Granted, Romney's been boxed in by the necessities of running as the standard bearer of a party dominated by the far right. But a political campaign, like everything else in life, is a test. If Romney can't articulate the case for his career so far, how will he handle Congress, the economy, Putin and Ahmadinejad?
Granted, too, if you agree with Walter Lippman's famous observation— "Ultimately, government is just organized opinion"— then Romney's incoherence about what ought to be his strengths is a poor recommendation for his presidential candidacy. Whatever else you may say about George W. Bush, he was a superb organizer of public opinion. Why else would so many Democrats in Congress have acquiesced sheep-like to his unwarranted invasion of Iraq?
Corporations really are people
If Romney can't defend his business career, who will? As the naval lawyer Barney Greenwald remarked when assigned to defend Lieutenant Steve Maryk in Herman Wouk's The Caine Mutiny, "I'd rather prosecute." Still, in the absence of other volunteers, let me take a crack at it.
"Corporations are people, my friend." This unnecessary gaffe will follow Romney to Election Day and possibly to his grave.
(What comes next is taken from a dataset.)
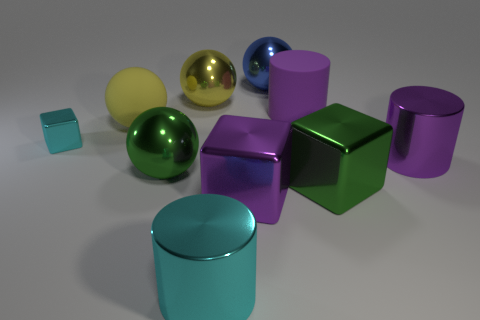How many purple cylinders must be subtracted to get 1 purple cylinders? 1 Subtract all big metallic balls. How many balls are left? 1 Subtract all cyan cylinders. How many cylinders are left? 2 Subtract all cylinders. How many objects are left? 7 Subtract 1 spheres. How many spheres are left? 3 Add 9 big blue metal things. How many big blue metal things are left? 10 Add 8 blue matte cylinders. How many blue matte cylinders exist? 8 Subtract 0 gray balls. How many objects are left? 10 Subtract all yellow cubes. Subtract all brown cylinders. How many cubes are left? 3 Subtract all yellow cylinders. How many cyan cubes are left? 1

But it happens to be true.
Corporations are associations of individuals who've voluntarily banded together for some collective purpose. They may be investors hoping to make money or music lovers operating an orchestra or idealists advocating for human rights. Precisely why they should be denied the right to speak collectively— and why I should be denied the right to know where they stand— eludes me.
To be sure, corporations lack hearts and souls. They don't have hopes and dreams. They don't eat and sleep, go out on dates or get drunk. But contrary to popular belief, corporations do go through life cycles very much like those of humans: They are born, they grow up, they grow old, they get sick and they die.
What happened to Wanamaker's
I'm old enough to remember when all Philadelphians thought the Pennsylvania Railroad, the Evening Bulletin, the Curtis Publishing Company, the First Pennsylvania Bank, Scott Paper Company, John Wanamaker, Strawbridge & Clothier and Horn & Hardart would last forever.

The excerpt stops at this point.